An emeritus board member who accompanied Mrs. Levine on numerous fundraising calls, Mr. Silverstein says he was always impressed by her meticulous research. She strives, he says, to learn everything she can about a potential donor. “It was a beautiful thing to watch Naomi,” says Mr. Silverstein. As a fundraiser, he says, “she was exciting and stimulating, enormously prepared, and could discuss anything.”

Trouble Ahead

Mrs. Levine plans to stay active at the university as she leaves the Heyman Center. In addition to teaching her course of law and ethics, she also will serve as a fundraising consultant to the dean of the school of professional studies, which includes the Heyman Center. She is concerned about the high cost of getting a master’s degree — $64,000 at NYU — and wants to help raise money for scholarships.

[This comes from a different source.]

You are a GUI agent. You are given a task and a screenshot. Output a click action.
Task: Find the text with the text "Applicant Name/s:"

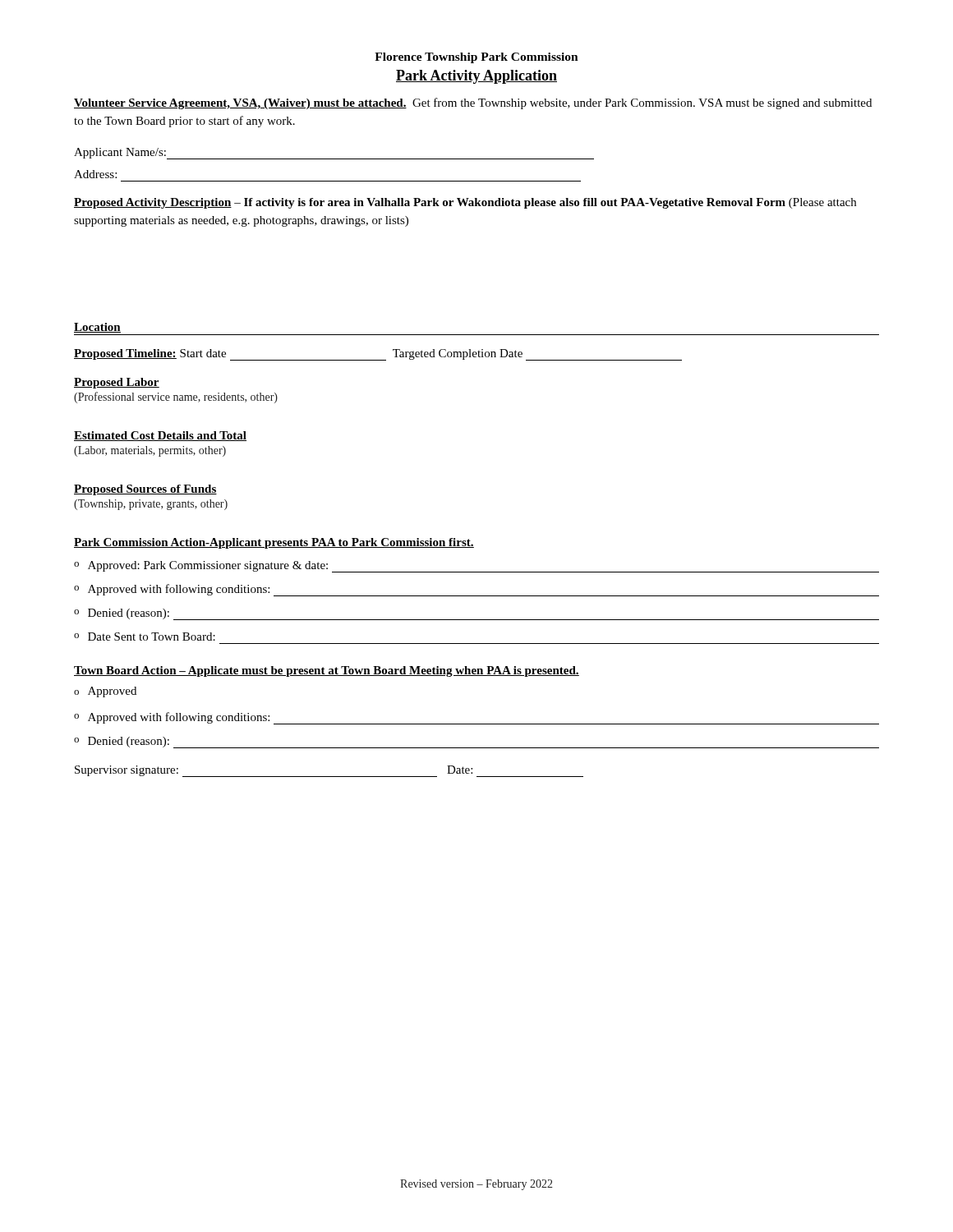tap(334, 152)

As she considers what the future holds for the country, Mrs. Levine says she is deeply concerned about the desire and ability of wealthy people to set agendas that keep others from rising out of poverty. She says she worries about the corrupting influence of money in politics, as well as the sway billionaire donors have exerted.

“Look at Bill Gates spending millions on charter schools, but what does that do to teachers in public schools, which are very important along with unions?” she asks. “I don’t know the answer, but I am very concerned. Big money and big foundations have too much influence.” That is, she adds, “the price you pay for American philanthropy.”